株式会社リーン・ニシカタの西方智晃(にしかたともあき)と申します。

先日、データアナリティクスの観点からゲーム分析がおもしろい3つの理由というnoteを書かせていただきました。

本noteでは、スマホゲーム分析の特徴とユーザーセグメントの大切さをお伝えした上で、実際のゲーム分析の運用事例を解説していきたいと思います。

ゲーム分析の特徴

ゲーム分析の運用事例を解説する前に、まずはゲーム分析の特徴を他業界と比較しながら説明します。

比較対象としてよく上げられるのは、「EC(ネット通販・ネットショップ)」やサブスク(サブスクリプション・月額課金・定額制で契約するサービス)です。

これらの産業は、コンバージョンが明確なことが特徴です。

例えば、ECであればどのようなECサイトであっても、ユーザーがカートに商品を追加することであったり、ユーザーがチェックアウト(商品購入を完了すること・支払いを完了させること)がコンバージョンであることは変わりありません。また、サブスクであれば、ユーザーが有料会員契約をすること、がコンバージョンです。どちらも明確なゴールがあり、わかりやすい指標を置いて追いかけるということが可能です。

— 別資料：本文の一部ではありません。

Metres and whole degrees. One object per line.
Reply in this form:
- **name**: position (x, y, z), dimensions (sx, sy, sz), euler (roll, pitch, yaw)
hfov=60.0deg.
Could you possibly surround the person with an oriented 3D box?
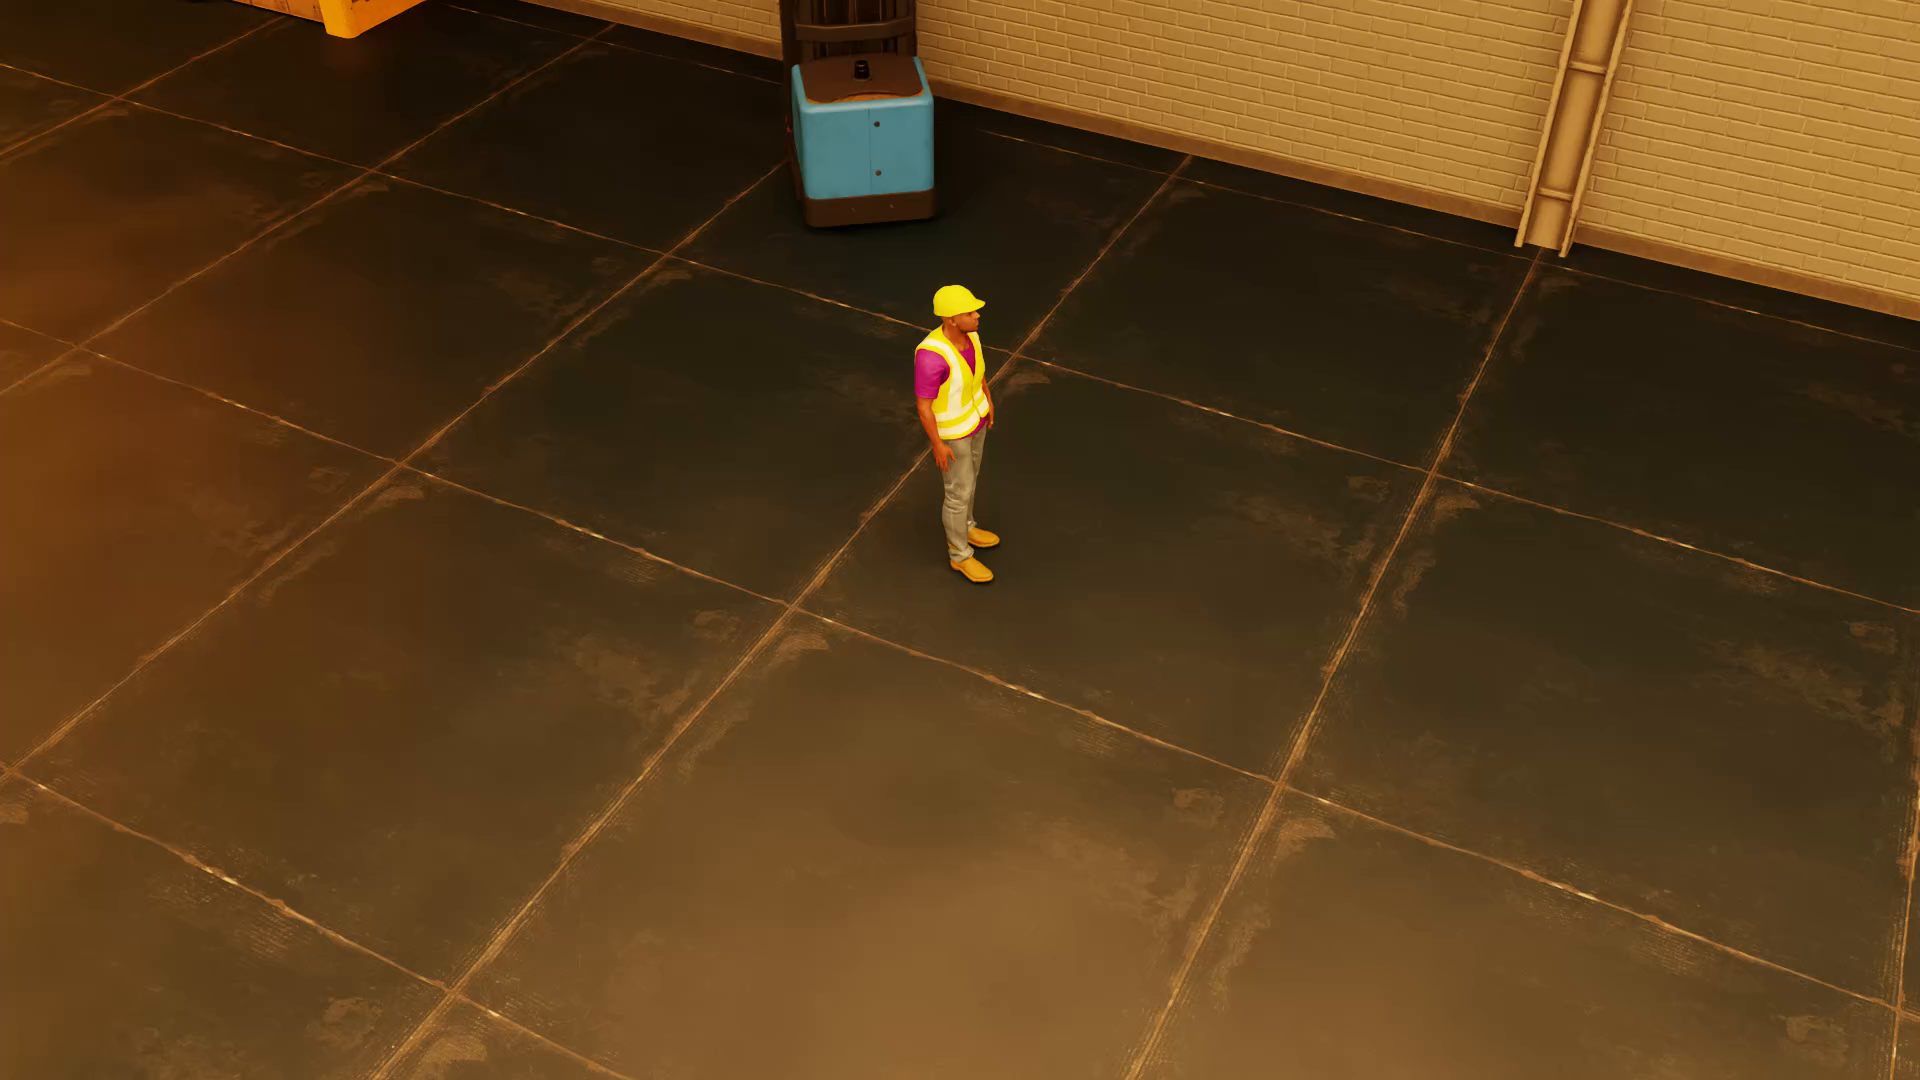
- **person**: position (0.059, -0.657, 9.660), dimensions (0.577, 1.765, 0.665), euler (18, 43, 21)

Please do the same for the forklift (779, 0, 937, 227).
- **forklift**: position (-0.934, -4.529, 13.364), dimensions (1.130, 2.935, 3.031), euler (-6, 40, -7)

こういった産業と比較した際に、ゲーム産業は必ずしもコンバージョンが1つに定まらない・コンバージョンが不明確という特徴があります。

1つのゲームタイトルをとってみても色々なユーザーがそれぞれの遊び方をおり、例えば他のユーザーとの競争が好きな人もいれば他のユーザーと協力してNPC(Non Player Character)を倒すことが好きな人がいる、そういった場合に両者にとってゲームをやる意義や楽しみ方は大きく異なります。この場合、1つのゲームタイトルに対して複数のコンバージョンを考える必要があります。ここが他の産業との大きな違いであり、ゲーム業界がデータアナリストにとって面白い理由であるといえるでしょう。

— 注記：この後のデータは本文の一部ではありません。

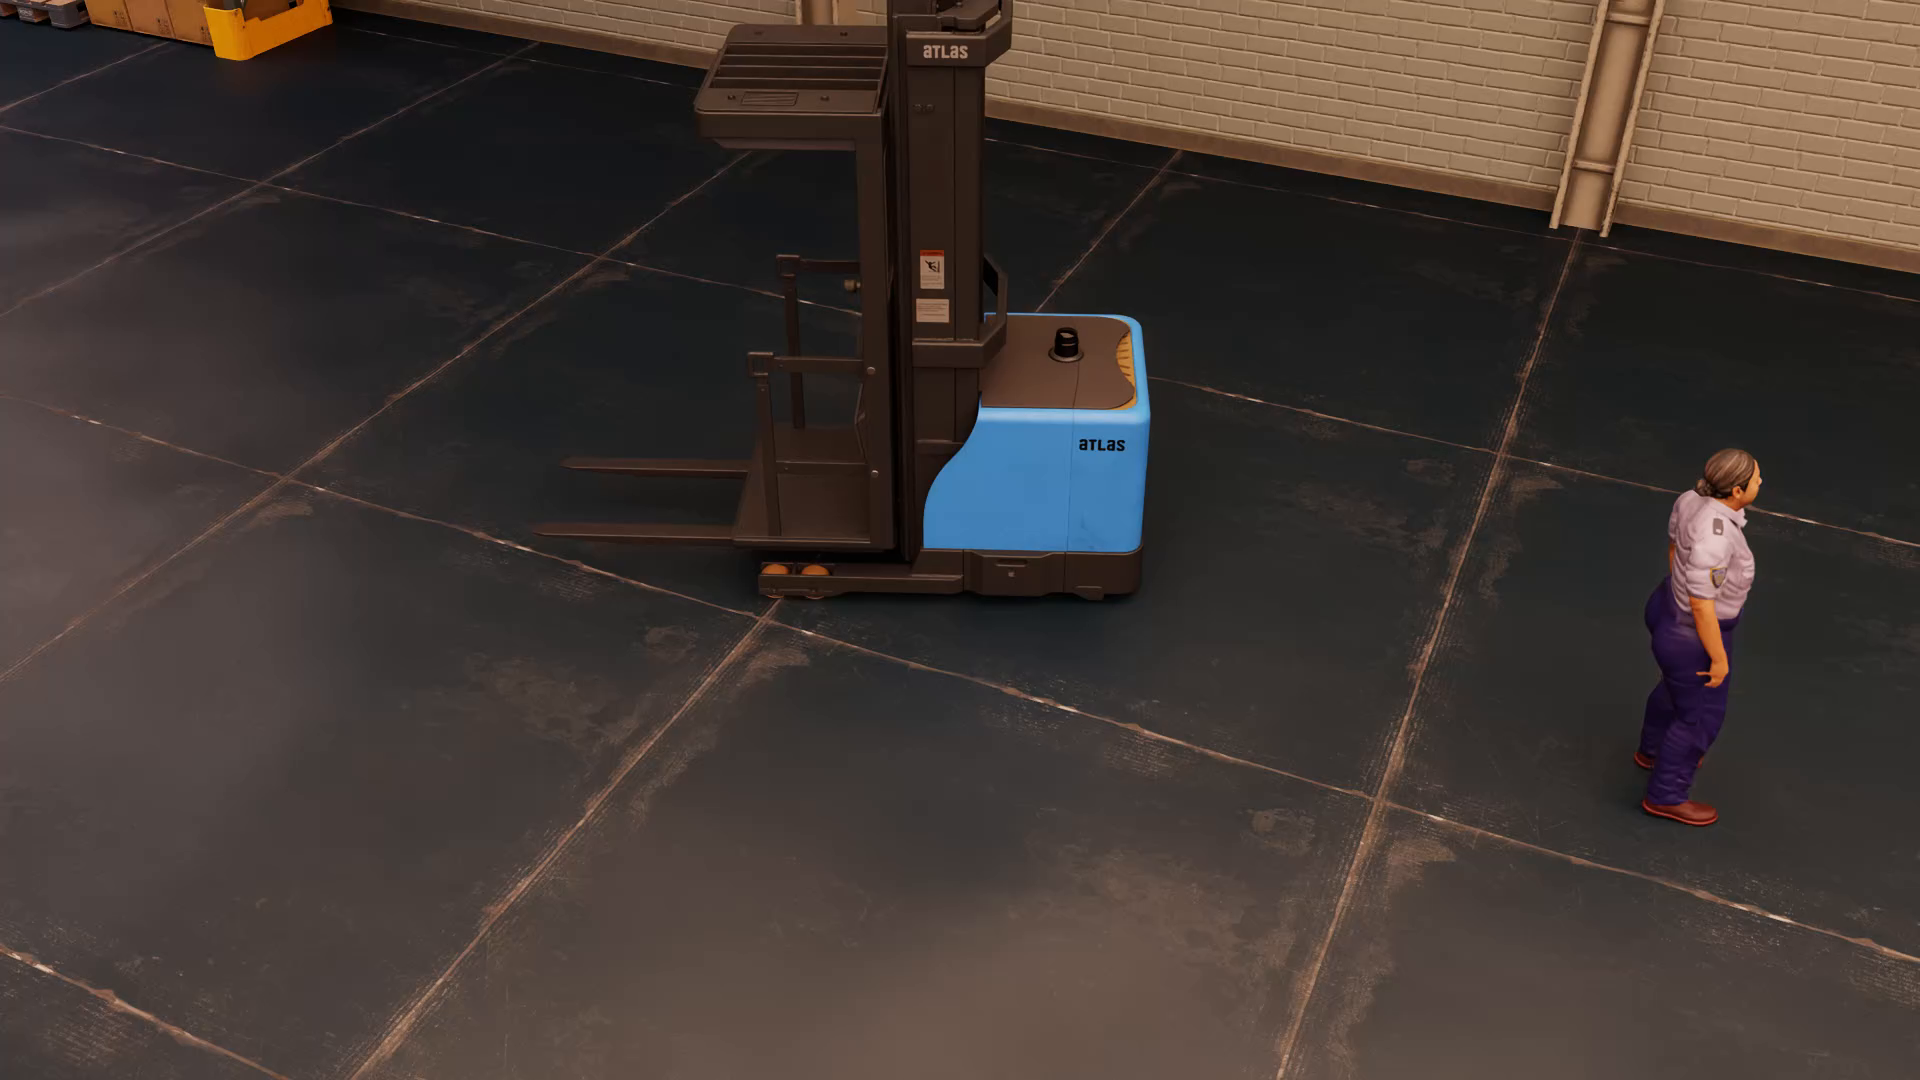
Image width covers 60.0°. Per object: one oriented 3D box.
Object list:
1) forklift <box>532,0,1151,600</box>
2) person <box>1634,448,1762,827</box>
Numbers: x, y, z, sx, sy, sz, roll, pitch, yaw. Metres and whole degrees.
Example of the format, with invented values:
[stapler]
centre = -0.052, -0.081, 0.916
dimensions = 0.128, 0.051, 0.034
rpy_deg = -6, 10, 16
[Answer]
[forklift]
centre = -0.608, -1.208, 7.780
dimensions = 3.031, 2.935, 1.130
rpy_deg = 1, 36, 2
[person]
centre = 2.994, 0.371, 6.686
dimensions = 0.434, 1.669, 0.559
rpy_deg = 6, 36, 8
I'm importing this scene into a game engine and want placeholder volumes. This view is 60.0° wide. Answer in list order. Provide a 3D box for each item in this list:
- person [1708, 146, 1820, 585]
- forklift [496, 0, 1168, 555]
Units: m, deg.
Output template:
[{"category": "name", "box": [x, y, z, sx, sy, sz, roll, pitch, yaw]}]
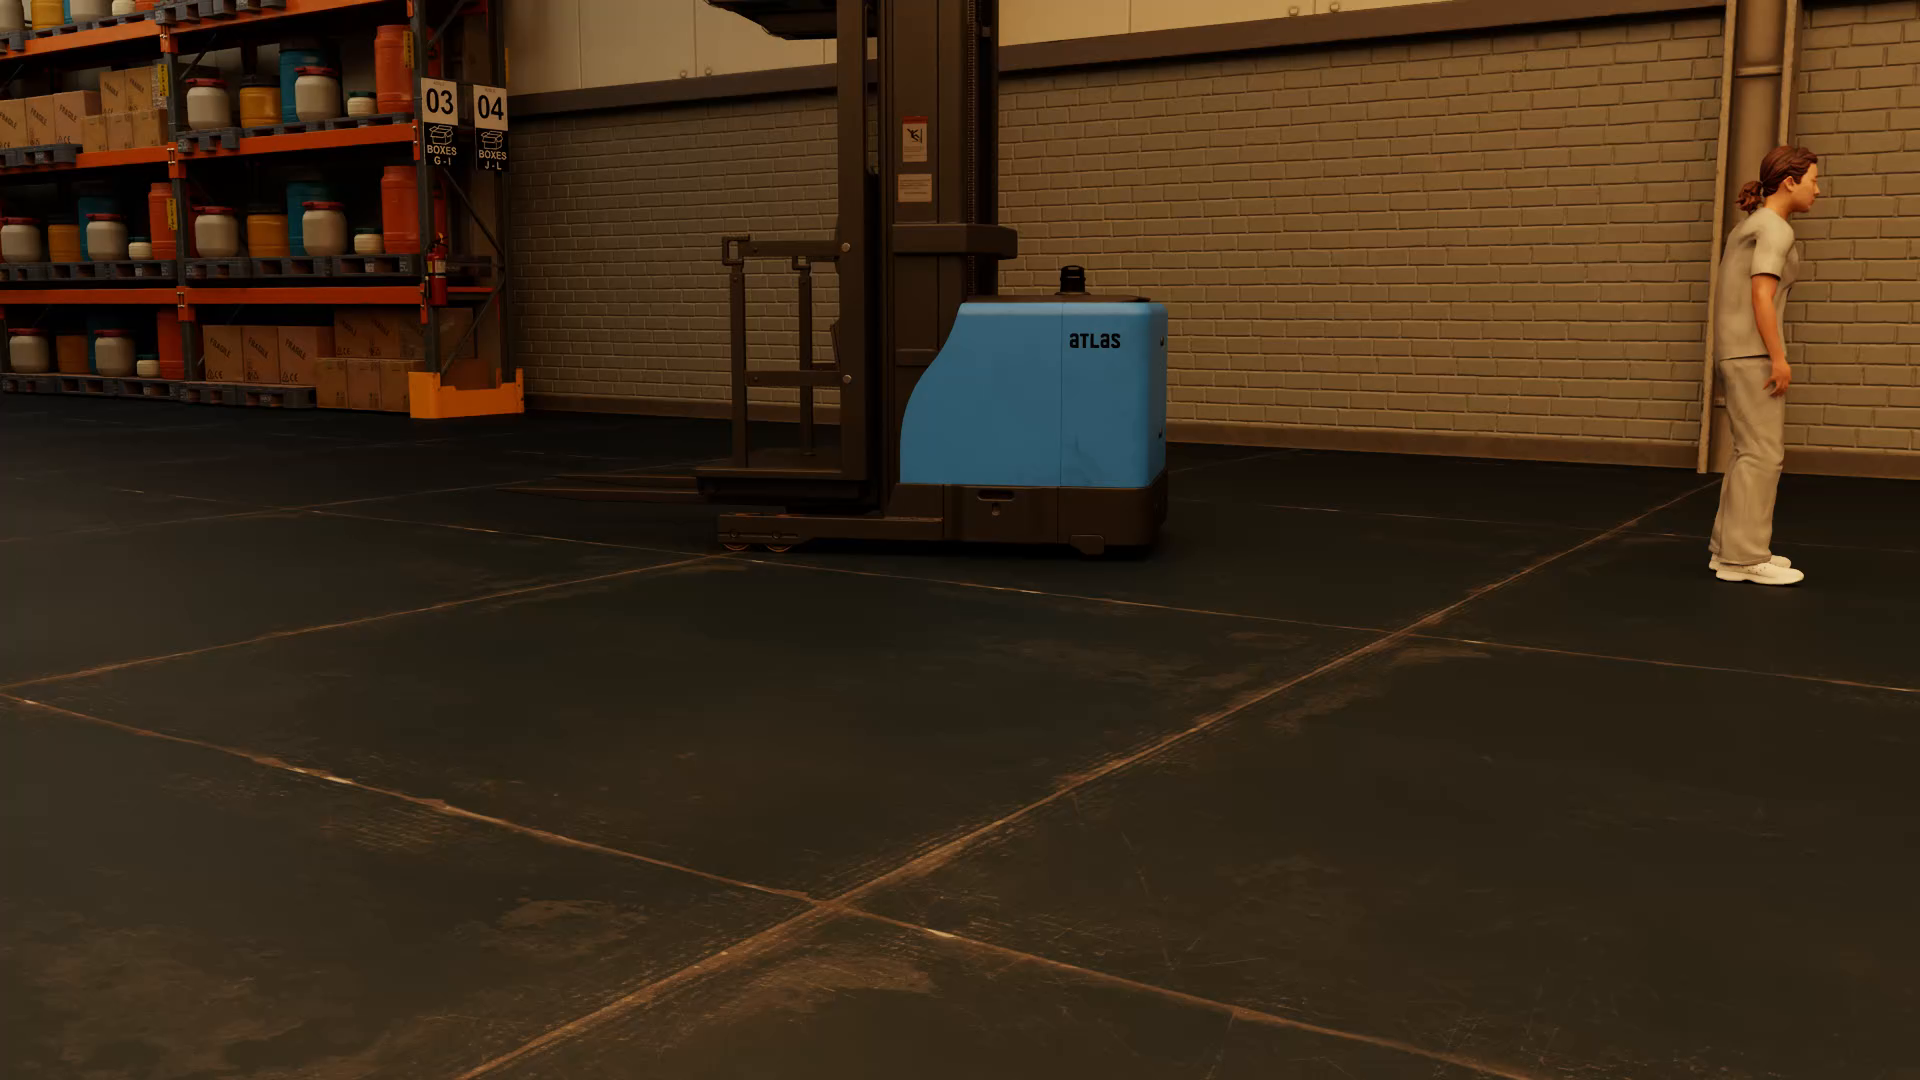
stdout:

ゲーム分析において、この複雑なコンバージョンをうまく定義するために、まずはユーザーのセグメントを定義するといいですよというお話がこの後のメインテーマになります。この前提を踏まえた上で、ユーザーセグメントを用いたゲーム分析の運用事例について読んでもらえると嬉しいです。

ユーザーセグメントを定義しないと何が起きるか

ここでは、ゲームでよくあるアップデートである「報酬効率のアップ」を例に説明します。

あなたは、あるゲームタイトルを運用をしており、報酬効率をアップしてユーザーにより遊んでほしい、という意図をもって全員に同一のアップデートをしたとします。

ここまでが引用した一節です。